Our overarching goal is to create strains of Pseudomonas putida that are capable of producing both sophorolipides and rhamnolipides. This dual biosurfactant production has the potential to offer a broader range of applications and benefits, such as enhanced oil recovery and improved bioremediation. We will explore the feasibility of engineering strains that can simultaneously produce both biosurfactants by integrating the necessary genetic components for both pathways. This will be a challenging but rewarding endeavor, as it has the potential to open up new opportunities in the field of biotechnology.

  • Advanced Characterization :

In our future experiments, we will dive deeper into the characterization of the sophorolipides and rhamnolipides produced by our modified strains. This includes analyzing their surface-active properties, emulsification capabilities, and stability under various environmental conditions.
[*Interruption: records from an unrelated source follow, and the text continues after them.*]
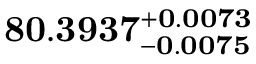Convert formula to latex. <formula><loc_0><loc_0><loc_500><loc_500>8 0 . 3 9 3 7 _ { - 0 . 0 0 7 5 } ^ { + 0 . 0 0 7 3 }</formula> 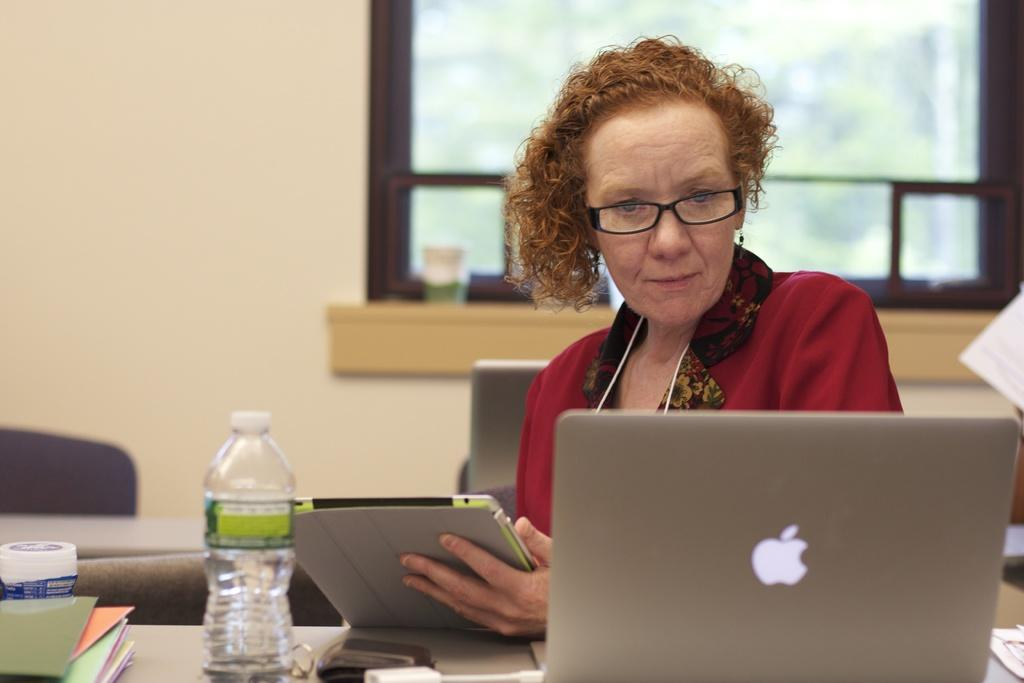Who is present in the image? There is a woman in the image. What is the woman doing in the image? The woman is sitting in the image. What is the woman holding in her hands? The woman is holding a book in her hands. What is on the table in front of the woman? There is a laptop on the table, and there are other objects on the table as well. What can be seen through the window at the back of the scene? Unfortunately, the facts provided do not mention what can be seen through the window. What type of spark can be seen coming from the laptop in the image? There is no spark coming from the laptop in the image. What kind of birds are flying outside the window in the image? There are no birds visible in the image, and the facts provided do not mention any birds. 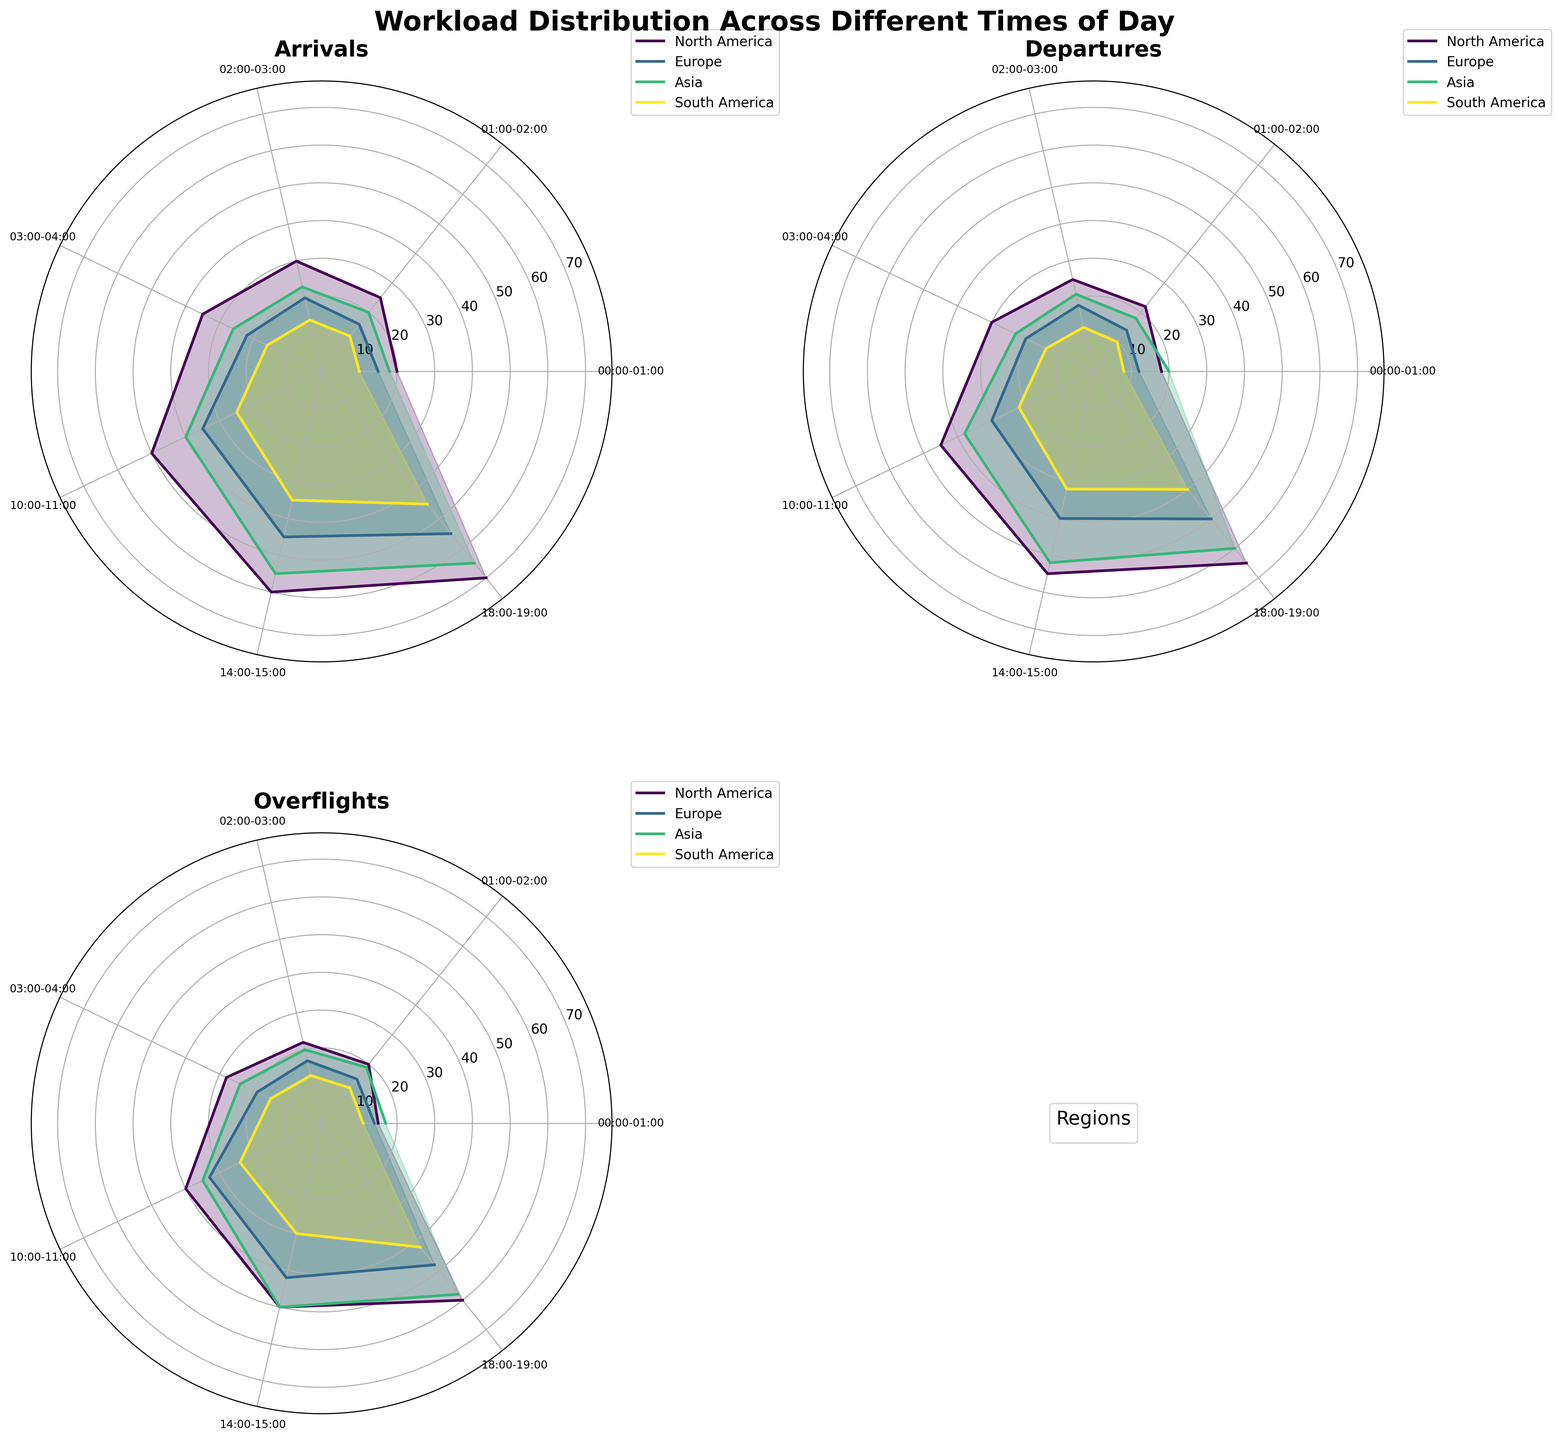What's the title of the figure? The title is usually positioned at the top of the figure, and it helps in understanding the overall topic of the visualization.
Answer: Workload Distribution Across Different Times of Day How many regions are represented in the plots? By looking at the legend or reviewing the different colored lines, we can count the number of unique regions displayed.
Answer: 4 Which region has the highest average arrivals between 18:00-19:00? By examining the arrivals subplot for the time 18:00-19:00, identify which line reaches the highest value.
Answer: North America At what time does Asia have the highest average overflights? Check the overflights subplot for the specific region (Asia) and look for the peak value in the time axis.
Answer: 14:00-15:00 Compare the average departures in Europe at 02:00-03:00 vs. 14:00-15:00. Which is higher? Locate the departure subplot and compare the values for Europe at the specified times to see which is greater.
Answer: 14:00-15:00 Are average departures or overflights generally higher for North America at 03:00-04:00? Compare the height of the lines for North America in the departures and overflights subplots at the 03:00-04:00 time slot to determine which is higher.
Answer: Departures What is the average number of departures for South America at 14:00-15:00? Look at the departures subplot and find the corresponding value for South America at 14:00-15:00.
Answer: 32 During which time period does Europe have its lowest average arrivals? Inspect the arrivals subplot for Europe and identify the time period where the value is minimum.
Answer: 00:00-01:00 Which region has a lower average number of arrivals at 01:00-02:00: South America or Europe? Compare the values in the arrivals subplot for both South America and Europe at 01:00-02:00.
Answer: South America What is the average number of overflights for North America at the peak time period? Identify the peak time period for North America in the overflights subplot and then note the corresponding value.
Answer: 60 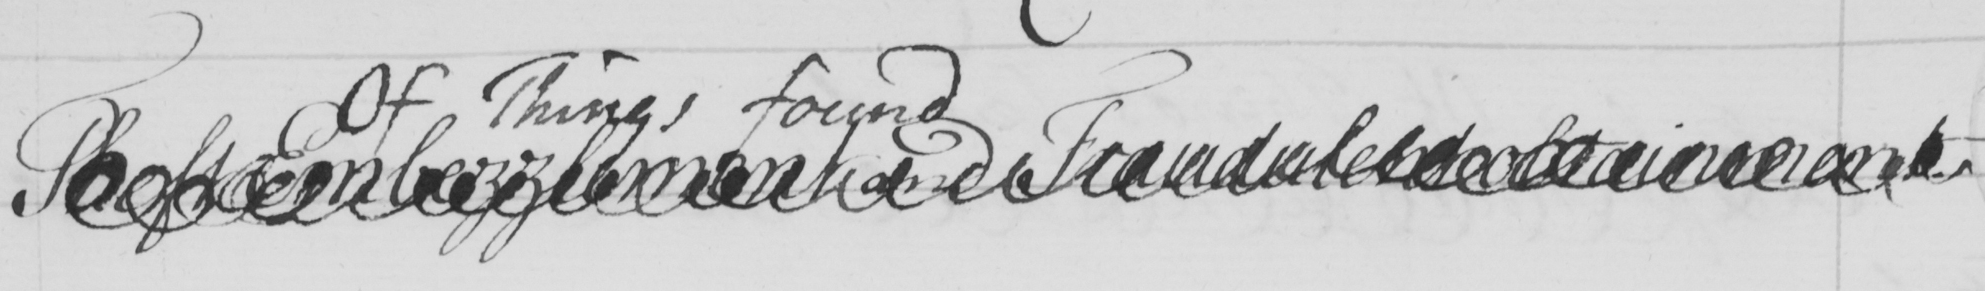Transcribe the text shown in this historical manuscript line. Theft Eembezzlement and Fraudulent obtainment

Such in-depth characterization is essential for understanding the potential applications and performance of these biosurfactants in different industrial and environmental settings.

  • Application Development :

Our ultimate aim is to harness the biosurfactants produced by our engineered Pseudomonas putida strains for real-world applications. We will explore the use of sophorolipides and rhamnolipides in various fields, including bioremediation, enhanced oil recovery, and pharmaceuticals. Through collaborative efforts with industry partners and research organizations, we will work towards developing practical applications that can benefit society and the environment.